Iron Supplements: Benefits, Side Effects, and Tips

Iron supplements can be effective for treating iron deficiency, but they often come with challenges like nausea and constipation. Choosing the right iron supplement and timing your intake can help maximise absorption and minimise side effects. They commonly cause side effects including nausea, constipation, and stomach upset. Taking them on an empty stomach improves absorption but increases side effects, while taking them with food reduces side effects but decreases absorption.


Iron supplements can also interfere with the absorption of other minerals including zinc, calcium, and magnesium. If you're taking multiple supplements, timing becomes crucial to avoid nutrient interactions.


How to Test for Iron Deficiency Accurately

Don't rely solely on haemoglobin or haematocrit levels to diagnose iron deficiency. Testing ferritin levels, transferrin saturation, and total iron-binding capacity can provide a more accurate picture of your iron status. Ferritin, your body's iron storage protein, provides a more sensitive measure of iron status. Ferritin levels below 30 ng/mL can cause fatigue and exercise intolerance even when other blood markers appear normal.
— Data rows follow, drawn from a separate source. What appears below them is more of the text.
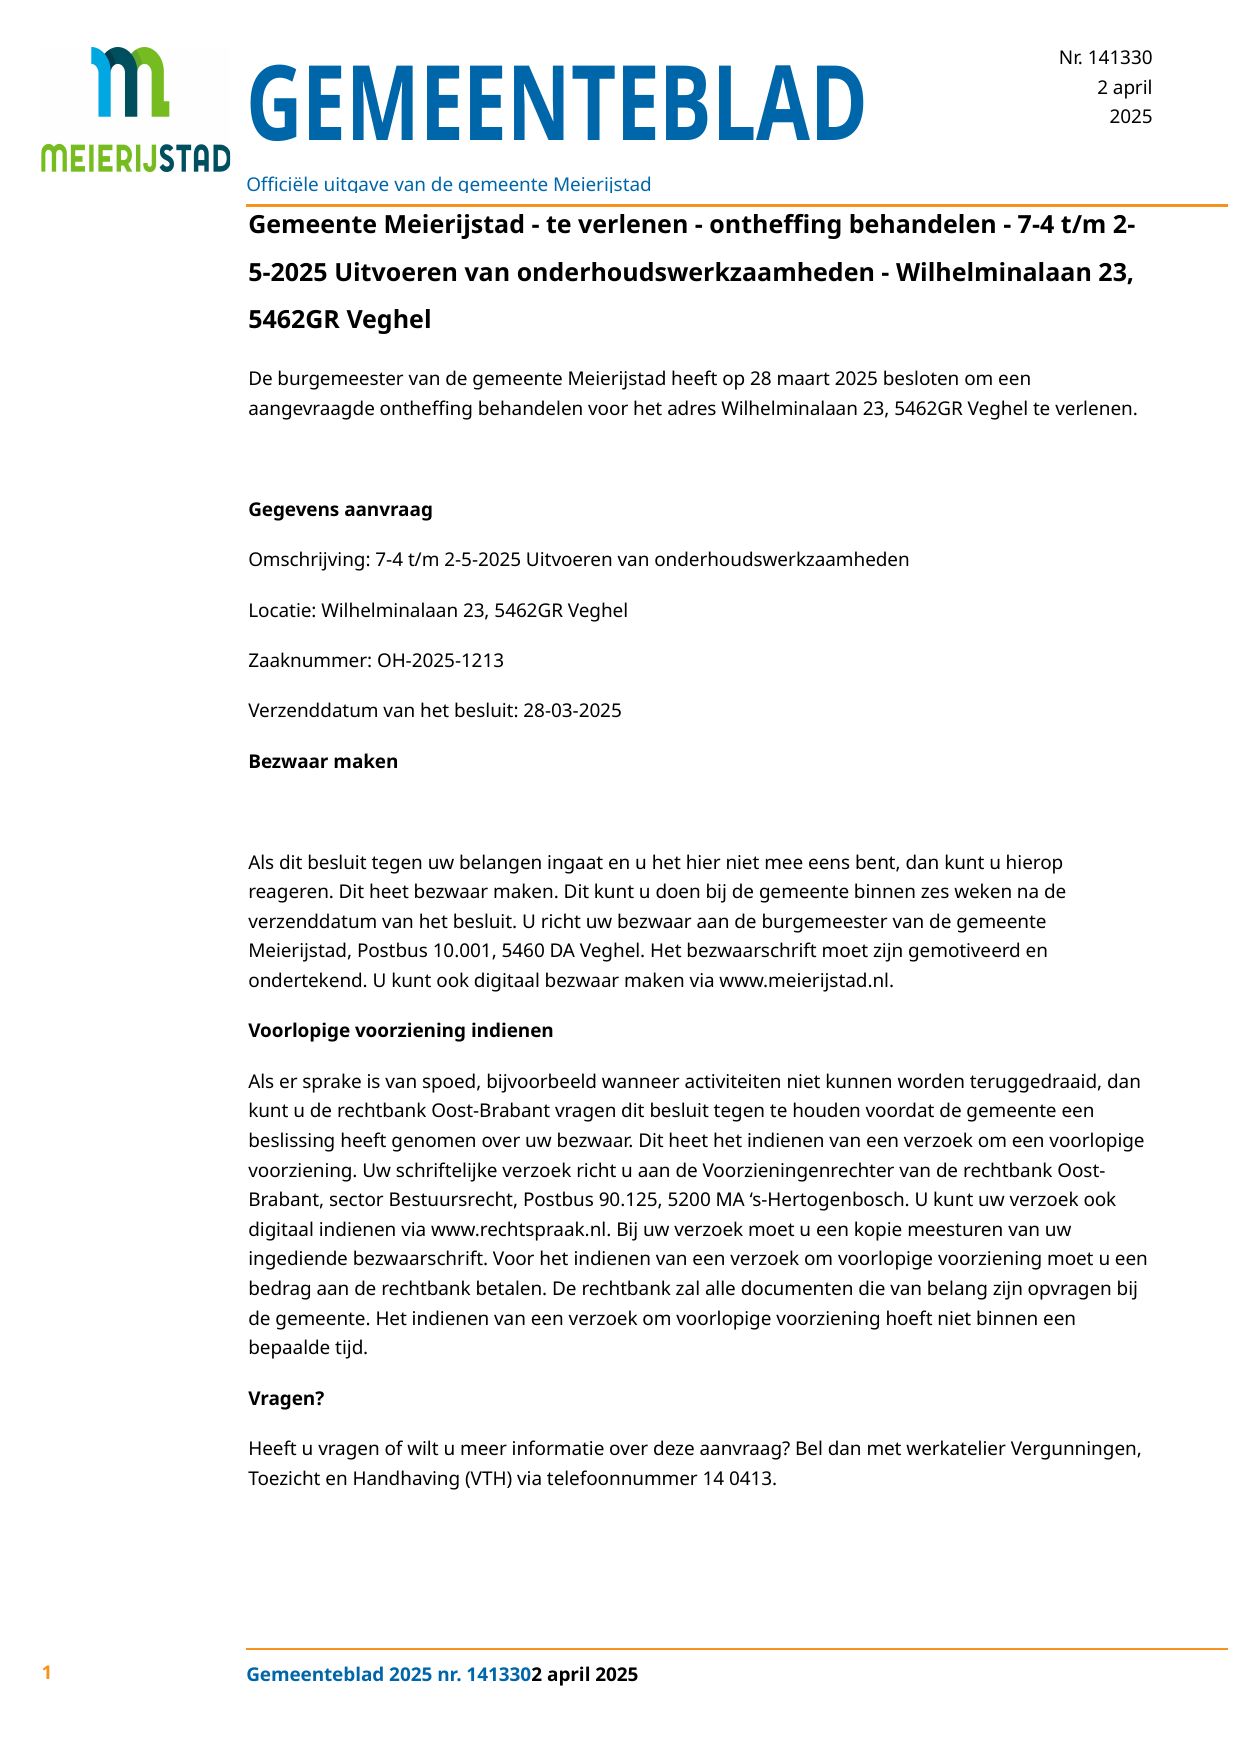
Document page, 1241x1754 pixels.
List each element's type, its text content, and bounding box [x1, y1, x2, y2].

text Zaaknummer: OH-2025-1213 [248, 647, 1152, 673]
text Voorlopige voorziening indienen [248, 1018, 1152, 1043]
text Omschrijving: 7-4 t/m 2-5-2025 Uitvoeren van onderhoudswerkzaamheden [248, 546, 1152, 572]
picture [41, 47, 231, 172]
text Heeft u vragen of wilt u meer informatie over deze aanvraag? Bel dan met werkatelier Vergunningen, Toezicht en Handhaving (VTH) via telefoonnummer 14 0413. [248, 1435, 1152, 1490]
text Gegevens aanvraag [248, 496, 1152, 522]
text Verzenddatum van het besluit: 28-03-2025 [248, 698, 1152, 723]
text Als er sprake is van spoed, bijvoorbeeld wanneer activiteiten niet kunnen worden teruggedraaid, dan kunt u de rechtbank Oost-Brabant vragen dit besluit tegen te houden voordat de gemeente een beslissing heeft genomen over uw bezwaar. Dit heet het indienen van een verzoek om een voorlopige voorziening. Uw schriftelijke verzoek richt u aan de Voorzieningenrechter van de rechtbank Oost-Brabant, sector Bestuursrecht, Postbus 90.125, 5200 MA ‘s-Hertogenbosch. U kunt uw verzoek ook digitaal indienen via www.rechtspraak.nl. Bij uw verzoek moet u een kopie meesturen van uw ingediende bezwaarschrift. Voor het indienen van een verzoek om voorlopige voorziening moet u een bedrag aan de rechtbank betalen. De rechtbank zal alle documenten die van belang zijn opvragen bij de gemeente. Het indienen van een verzoek om voorlopige voorziening hoeft niet binnen een bepaalde tijd. [248, 1068, 1152, 1360]
text Locatie: Wilhelminalaan 23, 5462GR Veghel [248, 597, 1152, 622]
text Bezwaar maken [248, 748, 1152, 774]
text Als dit besluit tegen uw belangen ingaat en u het hier niet mee eens bent, dan kunt u hierop reageren. Dit heet bezwaar maken. Dit kunt u doen bij de gemeente binnen zes weken na de verzenddatum van het besluit. U richt uw bezwaar aan de burgemeester van de gemeente Meierijstad, Postbus 10.001, 5460 DA Veghel. Het bezwaarschrift moet zijn gemotiveerd en ondertekend. U kunt ook digitaal bezwaar maken via www.meierijstad.nl. [248, 849, 1152, 993]
text Vragen? [248, 1385, 1152, 1410]
text De burgemeester van de gemeente Meierijstad heeft op 28 maart 2025 besloten om een aangevraagde ontheffing behandelen voor het adres Wilhelminalaan 23, 5462GR Veghel te verlenen. [248, 366, 1152, 421]
text Gemeente Meierijstad - te verlenen - ontheffing behandelen - 7-4 t/m 2-5-2025 Uitvoeren van onderhoudswerkzaamheden - Wilhelminalaan 23, 5462GR Veghel [248, 207, 1152, 336]

Transferrin saturation and total iron-binding capacity provide additional insight into iron metabolism and can help differentiate iron deficiency from other causes of fatigue and anaemia.


The Bottom Line

Iron deficiency is common, underdiagnosed, and completely treatable when properly identified. Addressing iron deficiency symptoms like fatigue, brain fog, and low energy can dramatically improve your quality of life. Exhaustion is not normal. The research is clear: adequate iron status is essential for energy production, cognitive function, immune function, and exercise performance. When you optimise your iron status through strategic nutrition and appropriate supplementation, your energy levels, mental clarity, and physical performance can improve dramatically.
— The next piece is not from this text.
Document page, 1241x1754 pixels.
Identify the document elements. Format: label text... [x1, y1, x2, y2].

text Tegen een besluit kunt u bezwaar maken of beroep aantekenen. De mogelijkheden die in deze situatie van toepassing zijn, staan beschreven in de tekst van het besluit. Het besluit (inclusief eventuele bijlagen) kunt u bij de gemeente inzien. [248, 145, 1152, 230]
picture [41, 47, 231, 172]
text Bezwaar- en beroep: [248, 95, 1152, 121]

Note: This information is for educational purposes only and should not replace professional medical advice.


References

  1. Cleveland Clinic. (2024, March 15). Iron Deficiency Anemia. Retrieved from https://my.clevelandclinic.org/health/diseases/3929-anemia-iron-deficiency

  2. Harvard Health. (2021, August 13). Why am I so tired, and how do I beat fatigue? Retrieved from https://www.health.harvard.edu/womens-health/why-am-i-so-tired-and-how-do-i-beat-fatigue

  3. Mayo Clinic. (2023, January 4). Iron deficiency anemia. Retrieved from https://www.mayoclinic.org/diseases-conditions/iron-deficiency-anemia/symptoms-causes/syc-20355034

  4. National Institutes of Health. (2023, April 5). Iron: Fact Sheet for Health Professionals. Retrieved from https://ods.od.nih.gov/factsheets/Iron-HealthProfessional/

  5. Sports Medicine. (2020). Iron deficiency and supplementation in female athletes. Retrieved from various research studies on iron and athletic performance.